::: Provided material
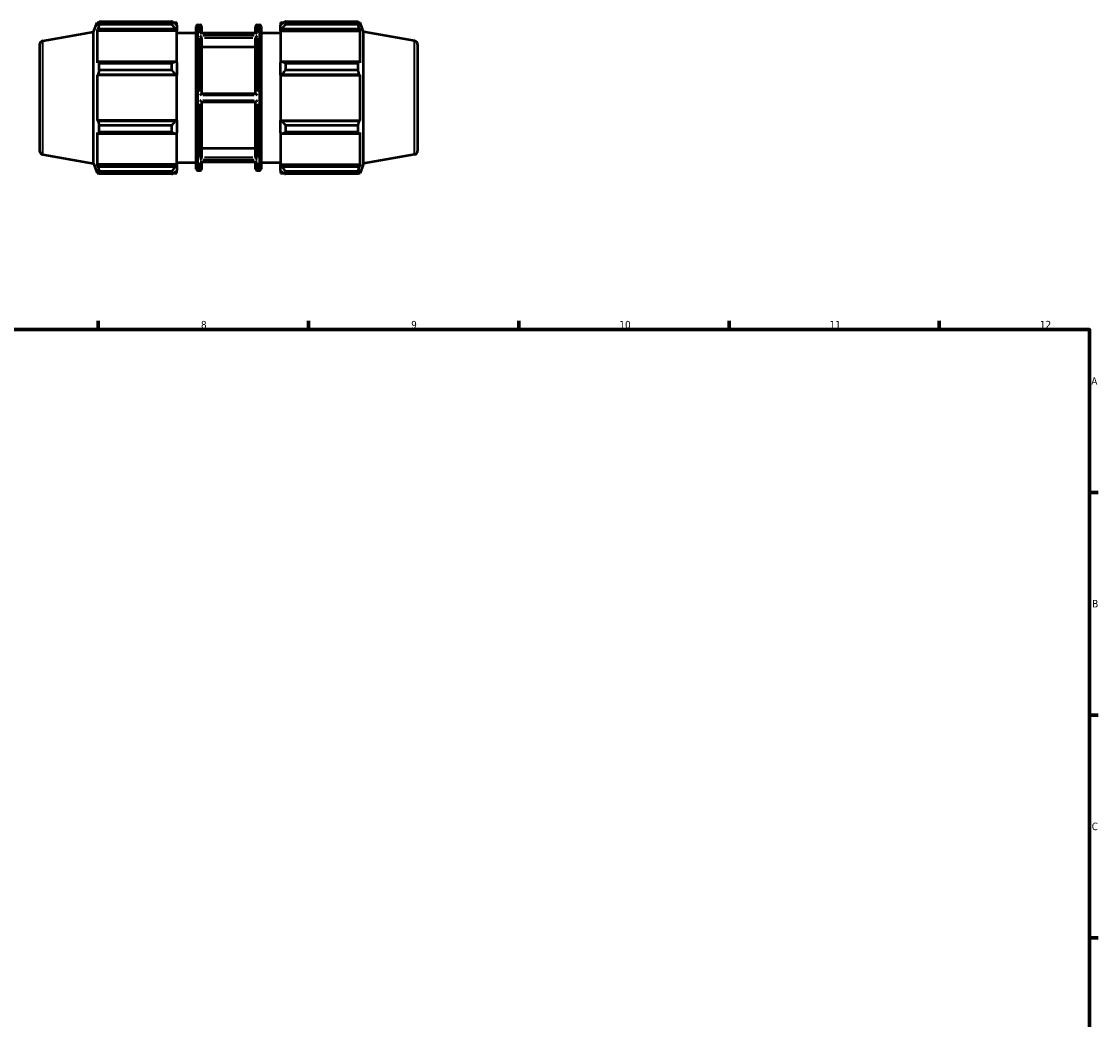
# Model space of a CAD drawing. Header units: millimetres. Extents: x -316 to 1163, y -16 to 726.
# Tile 6 of 8: x 465 to 824, y 344 to 677. Entities that reach past the tile are written whole.
import ezdxf

# ---------------------------------------------------------------- set-up
doc = ezdxf.new("R2010")
doc.units = ezdxf.units.MM
for name, color, linetype, lineweight in [('Border (ISO)', 7, 'Continuous', 70), ('Visible (ISO)', 7, 'Continuous', 50), ('Visible Narrow (ISO)', 7, 'Continuous', 35)]:
    doc.layers.add(name, color=color, linetype=linetype, lineweight=lineweight)
doc.styles.add('Note Text (ISO)', font='tahoma.ttf')

# ---------------------------------------------------------------- blocks, each defined once
blk = doc.blocks.new('Borders Default Border')
at = {"layer": 'Border (ISO)'}
for p, q in [((490.58, 574), (490.58, 576.9)), ((560.67, 574), (560.67, 576.9)), ((630.75, 574), (630.75, 576.9)), ((700.83, 574), (700.83, 576.9)), ((770.92, 574), (770.92, 576.9)), ((821, 519.75), (823.9, 519.75)), ((821, 445.5), (823.9, 445.5)), ((821, 371.25), (823.9, 371.25))]:
    blk.add_line(p, q, dxfattribs=at)
at = {"layer": 'Border (ISO)', "flags": 128}
blk.add_lwpolyline([(20, 20), (20, 574), (821, 574), (821, 20), (20, 20)], dxfattribs=at)
at = {"layer": 'Border (ISO)', "color": 232, "true_color": 0xca0064, "char_height": 2.5, "attachment_point": 7, "style": 'Note Text (ISO)'}
for s, insert in [('8', (524.81, 574.34)), ('9', (594.88, 574.35)), ('10', (664.29, 574.35)), ('11', (734.37, 574.4)), ('12', (804.46, 574.4)), ('A', (821.59, 555.62)), ('B', (821.89, 481.37)), ('C', (821.73, 407.08))]:
    blk.add_mtext(s, dxfattribs=dict(at, insert=insert))

msp = doc.modelspace()

# ---------------------------------------------------------------- linework, layer by layer
at = {"layer": 'Visible (ISO)'}
for p, q in [((489.031, 673.215), (490.191, 676.402)), ((490.191, 676.402), (490.191, 675.239)), ((490.191, 676.402), (490.707, 676.402)), ((490.486, 676.012), (490.191, 675.239)), ((490.879, 675.72), (490.879, 676.697)), ((490.879, 676.697), (515.131, 676.697)), ((515.131, 675.72), (490.879, 675.72)), ((515.131, 675.72), (515.131, 676.697)), ((515.602, 676.402), (516.751, 676.402)), ((516.751, 675.497), (516.211, 676.012)), ((516.751, 675.497), (516.751, 676.402)), ((516.751, 675.497), (516.751, 673.804)), ((523.231, 627.492), (523.231, 675.092)), ((523.731, 675.592), (524.531, 675.592)), ((525.031, 675.092), (525.031, 672.815)), ((543.031, 672.815), (543.031, 675.092)), ((543.531, 675.592), (544.331, 675.592)), ((544.831, 675.092), (544.831, 627.492)), ((551.311, 676.402), (551.311, 675.497)), ((551.311, 676.402), (552.461, 676.402)), ((551.851, 676.012), (551.311, 675.497)), ((551.311, 673.804), (551.311, 675.497)), ((552.931, 676.697), (552.931, 675.72)), ((552.931, 676.697), (577.184, 676.697)), ((577.184, 675.72), (552.931, 675.72)), ((577.184, 675.72), (577.184, 676.697)), ((577.355, 676.402), (577.872, 676.402)), ((577.872, 675.239), (577.577, 676.012)), ((577.872, 675.239), (577.872, 676.402)), ((579.031, 673.215), (577.872, 676.402)), ((472.064, 670.224), (489.031, 673.215)), ((489.031, 629.368), (489.031, 673.215)), ((490.191, 673.564), (490.486, 674.283)), ((516.751, 673.564), (490.191, 673.564)), ((490.191, 673.564), (490.191, 662.886)), ((490.486, 674.283), (516.211, 674.283)), ((516.211, 674.283), (516.751, 673.804)), ((516.751, 673.804), (516.751, 673.564)), ((516.751, 663.011), (516.751, 673.564)), ((516.751, 672.892), (523.231, 672.892)), ((543.299, 672.815), (524.763, 672.815)), ((544.831, 672.892), (551.311, 672.892)), ((551.311, 673.804), (551.851, 674.283)), ((551.311, 673.564), (551.311, 673.804)), ((551.311, 673.564), (551.311, 663.011)), ((551.311, 673.564), (577.872, 673.564)), ((551.851, 674.283), (577.577, 674.283)), ((577.577, 674.283), (577.872, 673.564)), ((577.872, 662.886), (577.872, 673.564)), ((579.031, 629.368), (579.031, 673.215)), ((595.998, 670.224), (579.031, 673.215)), ((471.031, 668.993), (471.031, 633.59)), ((525.031, 671.195), (525.031, 652.642)), ((543.031, 668.115), (525.031, 668.115)), ((543.031, 652.642), (543.031, 671.195)), ((597.031, 668.993), (597.031, 633.59)), ((490.486, 663.26), (490.191, 662.886)), ((516.211, 663.26), (490.486, 663.26)), ((490.879, 660.434), (490.879, 662.791)), ((490.879, 662.791), (515.131, 662.791)), ((515.131, 660.434), (515.131, 662.791)), ((516.751, 663.011), (516.211, 663.26)), ((516.751, 663.011), (516.751, 658.923)), ((551.851, 663.26), (551.311, 663.011)), ((551.311, 658.923), (551.311, 663.011)), ((577.577, 663.26), (551.851, 663.26)), ((552.931, 662.791), (552.931, 660.434)), ((552.931, 662.791), (577.184, 662.791)), ((577.184, 660.434), (577.184, 662.791)), ((577.872, 662.886), (577.577, 663.26)), ((490.191, 658.842), (490.486, 659.086)), ((516.751, 658.842), (490.191, 658.842)), ((490.191, 658.842), (490.191, 643.741)), ((490.486, 659.086), (516.211, 659.086)), ((515.131, 660.434), (490.879, 660.434)), ((516.211, 659.086), (516.751, 658.923)), ((516.751, 658.923), (516.751, 658.842)), ((516.751, 643.741), (516.751, 658.842)), ((551.311, 658.923), (551.851, 659.086)), ((551.311, 658.842), (551.311, 658.923)), ((551.311, 658.842), (551.311, 643.741)), ((551.311, 658.842), (577.872, 658.842)), ((551.851, 659.086), (577.577, 659.086)), ((577.184, 660.434), (552.931, 660.434)), ((577.577, 659.086), (577.872, 658.842)), ((577.872, 643.741), (577.872, 658.842)), ((543.032, 652.642), (525.031, 652.642)), ((525.031, 649.942), (525.031, 631.388)), ((525.031, 649.942), (543.032, 649.942)), ((543.031, 631.388), (543.031, 649.942)), ((490.486, 643.497), (490.191, 643.741)), ((516.751, 643.741), (490.191, 643.741)), ((516.211, 643.497), (490.486, 643.497)), ((516.751, 643.66), (516.211, 643.497)), ((516.751, 643.741), (516.751, 643.66)), ((516.751, 643.66), (516.751, 639.572)), ((551.311, 643.66), (551.311, 643.741)), ((551.311, 643.741), (577.872, 643.741)), ((551.311, 639.572), (551.311, 643.66)), ((551.851, 643.497), (551.311, 643.66)), ((577.577, 643.497), (551.851, 643.497)), ((577.872, 643.741), (577.577, 643.497)), ((490.191, 639.697), (490.486, 639.323)), ((490.191, 639.697), (490.191, 629.019)), ((490.486, 639.323), (516.211, 639.323)), ((490.879, 639.792), (490.879, 642.149)), ((490.879, 642.149), (515.131, 642.149)), ((515.131, 639.792), (490.879, 639.792)), ((515.131, 639.792), (515.131, 642.149)), ((516.211, 639.323), (516.751, 639.572)), ((516.751, 629.019), (516.751, 639.572)), ((551.311, 639.572), (551.851, 639.323)), ((551.311, 639.572), (551.311, 629.019)), ((551.851, 639.323), (577.577, 639.323)), ((552.931, 642.149), (552.931, 639.792)), ((552.931, 642.149), (577.184, 642.149)), ((577.184, 639.792), (552.931, 639.792)), ((577.184, 639.792), (577.184, 642.149)), ((577.577, 639.323), (577.872, 639.697)), ((577.872, 629.019), (577.872, 639.697)), ((472.064, 632.359), (489.031, 629.368)), ((525.031, 634.469), (543.031, 634.469)), ((595.998, 632.359), (579.031, 629.368)), ((489.031, 629.368), (490.191, 626.182)), ((490.486, 628.3), (490.191, 629.019)), ((516.751, 629.019), (490.191, 629.019)), ((516.211, 628.3), (490.486, 628.3)), ((516.751, 628.779), (516.211, 628.3)), ((516.751, 629.692), (523.231, 629.692)), ((516.751, 629.019), (516.751, 628.779)), ((516.751, 628.779), (516.751, 627.086)), ((543.299, 629.768), (524.763, 629.768)), ((525.031, 629.768), (525.031, 627.492)), ((543.031, 627.492), (543.031, 629.768)), ((544.831, 629.692), (551.311, 629.692)), ((551.311, 628.779), (551.311, 629.019)), ((551.311, 629.019), (577.872, 629.019)), ((551.311, 627.086), (551.311, 628.779)), ((551.851, 628.3), (551.311, 628.779)), ((577.577, 628.3), (551.851, 628.3)), ((577.872, 629.019), (577.577, 628.3)), ((579.031, 629.368), (577.872, 626.182)), ((490.191, 627.344), (490.486, 626.571)), ((490.191, 627.344), (490.191, 626.182)), ((490.191, 626.182), (490.707, 626.182)), ((490.879, 625.886), (490.879, 626.863)), ((490.879, 626.863), (515.131, 626.863)), ((515.131, 625.886), (490.879, 625.886)), ((515.131, 625.886), (515.131, 626.863)), ((515.602, 626.182), (516.751, 626.182)), ((516.211, 626.571), (516.751, 627.086)), ((516.751, 626.182), (516.751, 627.086)), ((523.731, 626.992), (524.531, 626.992)), ((543.531, 626.992), (544.331, 626.992)), ((551.311, 627.086), (551.851, 626.571)), ((551.311, 627.086), (551.311, 626.182)), ((551.311, 626.182), (552.461, 626.182)), ((552.931, 626.863), (552.931, 625.886)), ((552.931, 626.863), (577.184, 626.863)), ((577.184, 625.886), (552.931, 625.886)), ((577.184, 625.886), (577.184, 626.863)), ((577.355, 626.182), (577.872, 626.182)), ((577.577, 626.571), (577.872, 627.344)), ((577.872, 626.182), (577.872, 627.344))]:
    msp.add_line(p, q, dxfattribs=at)
for centre, radius, start, end in [((523.731, 675.092), 0.5, 90, 180), ((524.531, 675.092), 0.5, 0, 90), ((543.531, 675.092), 0.5, 90, 180), ((544.331, 675.092), 0.5, 0, 90), ((472.281, 668.993), 1.25, 100, 180), ((595.781, 668.993), 1.25, 0, 80), ((472.281, 633.59), 1.25, 180, 260), ((595.781, 633.59), 1.25, 280, 0), ((523.731, 627.492), 0.5, 180, 270), ((524.531, 627.492), 0.5, 270, 0), ((543.531, 627.492), 0.5, 180, 270), ((544.331, 627.492), 0.5, 270, 0)]:
    msp.add_arc(centre, radius, start, end, dxfattribs=at)
for points, weights in [([(490.486, 676.012), (490.674, 676.347), (490.879, 676.697)], [1.00384495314, 1.0023298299, 1]), ([(490.879, 675.72), (490.674, 674.987), (490.486, 674.283)], [1, 1.0023298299, 1.00384495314]), ([(516.211, 676.012), (515.693, 676.347), (515.131, 676.697)], [1.00615488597, 1.01177514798, 1.01659625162]), ([(515.131, 675.72), (515.693, 674.987), (516.211, 674.283)], [1.01659625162, 1.01177514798, 1.00615488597]), ([(552.931, 676.697), (552.37, 676.347), (551.851, 676.012)], [1.01659625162, 1.01177514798, 1.00615488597]), ([(551.851, 674.283), (552.37, 674.987), (552.931, 675.72)], [1.00615488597, 1.01177514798, 1.01659625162]), ([(577.184, 676.697), (577.388, 676.347), (577.577, 676.012)], [1, 1.0023298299, 1.00384495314]), ([(577.577, 674.283), (577.388, 674.987), (577.184, 675.72)], [1.00384495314, 1.0023298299, 1]), ([(490.486, 663.26), (490.674, 663.03), (490.879, 662.791)], [1.00384495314, 1.0023298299, 1]), ([(516.211, 663.26), (515.693, 663.03), (515.131, 662.791)], [1.00615488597, 1.01177514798, 1.01659625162]), ([(552.931, 662.791), (552.37, 663.03), (551.851, 663.26)], [1.01659625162, 1.01177514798, 1.00615488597]), ([(577.184, 662.791), (577.388, 663.03), (577.577, 663.26)], [1, 1.0023298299, 1.00384495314]), ([(490.879, 660.434), (490.674, 659.746), (490.486, 659.086)], [1, 1.0023298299, 1.00384495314]), ([(515.131, 660.434), (515.693, 659.746), (516.211, 659.086)], [1.01659625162, 1.01177514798, 1.00615488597]), ([(551.851, 659.086), (552.37, 659.746), (552.931, 660.434)], [1.00615488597, 1.01177514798, 1.01659625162]), ([(577.577, 659.086), (577.388, 659.746), (577.184, 660.434)], [1.00384495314, 1.0023298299, 1]), ([(490.486, 643.497), (490.674, 642.837), (490.879, 642.149)], [1.00384495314, 1.0023298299, 1]), ([(516.211, 643.497), (515.693, 642.837), (515.131, 642.149)], [1.00615488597, 1.01177514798, 1.01659625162]), ([(552.931, 642.149), (552.37, 642.837), (551.851, 643.497)], [1.01659625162, 1.01177514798, 1.00615488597]), ([(577.184, 642.149), (577.388, 642.837), (577.577, 643.497)], [1, 1.0023298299, 1.00384495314]), ([(490.879, 639.792), (490.674, 639.553), (490.486, 639.323)], [1, 1.0023298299, 1.00384495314]), ([(515.131, 639.792), (515.693, 639.553), (516.211, 639.323)], [1.01659625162, 1.01177514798, 1.00615488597]), ([(551.851, 639.323), (552.37, 639.553), (552.931, 639.792)], [1.00615488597, 1.01177514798, 1.01659625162]), ([(577.577, 639.323), (577.388, 639.553), (577.184, 639.792)], [1.00384495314, 1.0023298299, 1]), ([(490.486, 628.3), (490.674, 627.596), (490.879, 626.863)], [1.00384495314, 1.0023298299, 1]), ([(516.211, 628.3), (515.693, 627.596), (515.131, 626.863)], [1.00615488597, 1.01177514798, 1.01659625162]), ([(552.931, 626.863), (552.37, 627.596), (551.851, 628.3)], [1.01659625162, 1.01177514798, 1.00615488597]), ([(577.184, 626.863), (577.388, 627.596), (577.577, 628.3)], [1, 1.0023298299, 1.00384495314]), ([(490.879, 625.886), (490.674, 626.236), (490.486, 626.571)], [1, 1.0023298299, 1.00384495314]), ([(515.131, 625.886), (515.693, 626.236), (516.211, 626.571)], [1.01659625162, 1.01177514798, 1.00615488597]), ([(551.851, 626.571), (552.37, 626.236), (552.931, 625.886)], [1.00615488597, 1.01177514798, 1.01659625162]), ([(577.577, 626.571), (577.388, 626.236), (577.184, 625.886)], [1.00384495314, 1.0023298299, 1])]:
    msp.add_rational_spline(points, weights, degree=2, dxfattribs=at)
for points, knots in [([(524.531, 672.756), (524.532, 672.757), (524.533, 672.757), (524.583, 672.781), (524.633, 672.798), (524.709, 672.812), (524.737, 672.815), (524.763, 672.815)], [-0.093130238, -0.093130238, -0.093130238, -0.093130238, -0.092813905, -0.092813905, -0.071851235, -0.071851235, -0.059789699, -0.059789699, -0.059789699, -0.059789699]), ([(525.031, 671.215), (525.03, 671.236), (525.027, 671.258), (525.012, 671.329), (524.994, 671.379), (524.947, 671.48), (524.916, 671.53), (524.837, 671.64), (524.784, 671.697), (524.667, 671.804), (524.6, 671.851), (524.533, 671.888), (524.532, 671.888), (524.531, 671.889)], [-0.093587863, -0.093587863, -0.093587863, -0.093587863, -0.086118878, -0.086118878, -0.069868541, -0.069868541, -0.052406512, -0.052406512, -0.028207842, -0.028207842, 0, 0, 0.000410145, 0.000410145, 0.000410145, 0.000410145]), ([(543.531, 671.889), (543.53, 671.888), (543.529, 671.888), (543.462, 671.851), (543.395, 671.804), (543.278, 671.697), (543.226, 671.64), (543.146, 671.53), (543.116, 671.48), (543.068, 671.379), (543.05, 671.329), (543.036, 671.258), (543.033, 671.236), (543.032, 671.215)], [-0.104770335, -0.104770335, -0.104770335, -0.104770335, -0.104364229, -0.104364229, -0.076434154, -0.076434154, -0.052473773, -0.052473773, -0.035183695, -0.035183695, -0.019093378, -0.019093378, -0.011697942, -0.011697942, -0.011697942, -0.011697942]), ([(543.299, 672.815), (543.326, 672.815), (543.353, 672.812), (543.43, 672.798), (543.479, 672.781), (543.53, 672.757), (543.53, 672.757), (543.531, 672.756)], [-0.033320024, -0.033320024, -0.033320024, -0.033320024, -0.021150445, -0.021150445, 0, 0, 0.000319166, 0.000319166, 0.000319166, 0.000319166]), ([(524.531, 652.159), (524.532, 652.16), (524.533, 652.161), (524.582, 652.211), (524.632, 652.261), (524.729, 652.357), (524.777, 652.405), (524.865, 652.491), (524.905, 652.53), (524.965, 652.586), (524.987, 652.606), (525.019, 652.634), (525.028, 652.642), (525.031, 652.642)], [-0.093150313, -0.093150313, -0.093150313, -0.093150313, -0.092872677, -0.092872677, -0.072078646, -0.072078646, -0.050851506, -0.050851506, -0.030439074, -0.030439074, -0.014932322, -0.014932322, 0, 0, 0, 0]), ([(525.031, 649.942), (525.028, 649.942), (525.019, 649.949), (524.987, 649.977), (524.965, 649.997), (524.905, 650.053), (524.865, 650.092), (524.777, 650.178), (524.729, 650.226), (524.632, 650.322), (524.582, 650.372), (524.533, 650.422), (524.532, 650.423), (524.531, 650.424)], [-0.093687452, -0.093687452, -0.093687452, -0.093687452, -0.078624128, -0.078624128, -0.062981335, -0.062981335, -0.042389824, -0.042389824, -0.020976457, -0.020976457, 0, 0, 0.000280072, 0.000280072, 0.000280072, 0.000280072]), ([(543.032, 652.642), (543.034, 652.642), (543.044, 652.634), (543.075, 652.606), (543.098, 652.586), (543.157, 652.53), (543.198, 652.491), (543.286, 652.405), (543.334, 652.357), (543.431, 652.261), (543.48, 652.211), (543.53, 652.161), (543.531, 652.16), (543.531, 652.159)], [-0.093687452, -0.093687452, -0.093687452, -0.093687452, -0.078624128, -0.078624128, -0.062981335, -0.062981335, -0.042389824, -0.042389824, -0.020976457, -0.020976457, 0, 0, 0.000280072, 0.000280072, 0.000280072, 0.000280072]), ([(543.531, 650.424), (543.531, 650.423), (543.53, 650.422), (543.48, 650.372), (543.431, 650.322), (543.334, 650.226), (543.286, 650.178), (543.198, 650.092), (543.157, 650.053), (543.098, 649.997), (543.075, 649.977), (543.044, 649.949), (543.034, 649.942), (543.032, 649.942)], [-0.093150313, -0.093150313, -0.093150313, -0.093150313, -0.092872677, -0.092872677, -0.072078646, -0.072078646, -0.050851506, -0.050851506, -0.030439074, -0.030439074, -0.014932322, -0.014932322, 0, 0, 0, 0]), ([(524.531, 630.694), (524.532, 630.695), (524.533, 630.696), (524.6, 630.732), (524.667, 630.779), (524.784, 630.886), (524.837, 630.943), (524.916, 631.053), (524.947, 631.103), (524.994, 631.204), (525.012, 631.254), (525.027, 631.325), (525.03, 631.347), (525.031, 631.368)], [-0.104770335, -0.104770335, -0.104770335, -0.104770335, -0.104364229, -0.104364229, -0.076434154, -0.076434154, -0.052473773, -0.052473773, -0.035183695, -0.035183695, -0.019093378, -0.019093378, -0.011697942, -0.011697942, -0.011697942, -0.011697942]), ([(524.763, 629.768), (524.737, 629.768), (524.709, 629.771), (524.633, 629.786), (524.583, 629.802), (524.533, 629.826), (524.532, 629.826), (524.531, 629.827)], [-0.033320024, -0.033320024, -0.033320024, -0.033320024, -0.021150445, -0.021150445, 0, 0, 0.000319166, 0.000319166, 0.000319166, 0.000319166]), ([(543.032, 631.368), (543.033, 631.347), (543.036, 631.325), (543.05, 631.254), (543.068, 631.204), (543.116, 631.103), (543.146, 631.053), (543.226, 630.943), (543.278, 630.886), (543.395, 630.779), (543.462, 630.732), (543.529, 630.696), (543.53, 630.695), (543.531, 630.694)], [-0.093587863, -0.093587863, -0.093587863, -0.093587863, -0.086118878, -0.086118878, -0.069868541, -0.069868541, -0.052406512, -0.052406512, -0.028207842, -0.028207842, 0, 0, 0.000410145, 0.000410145, 0.000410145, 0.000410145]), ([(543.531, 629.827), (543.53, 629.826), (543.53, 629.826), (543.479, 629.802), (543.43, 629.786), (543.353, 629.771), (543.326, 629.768), (543.299, 629.768)], [-0.093130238, -0.093130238, -0.093130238, -0.093130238, -0.092813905, -0.092813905, -0.071851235, -0.071851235, -0.059789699, -0.059789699, -0.059789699, -0.059789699])]:
    msp.add_open_spline(points, degree=3, knots=knots, dxfattribs=at)
for points in [[(525.031, 671.195), (525.031, 671.201), (525.031, 671.208), (525.031, 671.215)], [(543.032, 671.215), (543.031, 671.208), (543.031, 671.201), (543.031, 671.195)], [(525.031, 631.368), (525.031, 631.375), (525.031, 631.382), (525.031, 631.388)], [(543.031, 631.388), (543.031, 631.382), (543.031, 631.375), (543.032, 631.368)]]:
    msp.add_open_spline(points, degree=3, dxfattribs=at)
at = {"layer": 'Visible Narrow (ISO)'}
for p, q in [((523.731, 675.292), (523.731, 627.291)), ((524.531, 673.028), (524.531, 675.584)), ((543.531, 675.584), (543.531, 673.028)), ((544.331, 627.291), (544.331, 675.292)), ((525.481, 672.756), (542.581, 672.756)), ((542.581, 671.889), (525.481, 671.889)), ((472.064, 632.592), (472.064, 669.991)), ((524.531, 653.343), (524.531, 671.235)), ((525.931, 671.215), (542.132, 671.215)), ((543.531, 671.235), (543.531, 653.343)), ((595.998, 632.592), (595.998, 669.991)), ((525.481, 652.159), (542.581, 652.159)), ((542.581, 650.424), (525.481, 650.424)), ((524.531, 631.348), (524.531, 649.24)), ((543.531, 649.24), (543.531, 631.348)), ((524.531, 626.999), (524.531, 629.555)), ((525.481, 630.694), (542.581, 630.694)), ((542.581, 629.827), (525.481, 629.827)), ((542.132, 631.368), (525.931, 631.368)), ((543.531, 629.555), (543.531, 626.999))]:
    msp.add_line(p, q, dxfattribs=at)

# ---------------------------------------------------------------- block references
msp.add_blockref('Borders Default Border', (0, 0))

doc.saveas('drawing.dxf')
::::::
**Work to complete:** Report the number of lines in the entries that hold the word "name". Nothing else is wanted.

**Solution to the exercise:** 2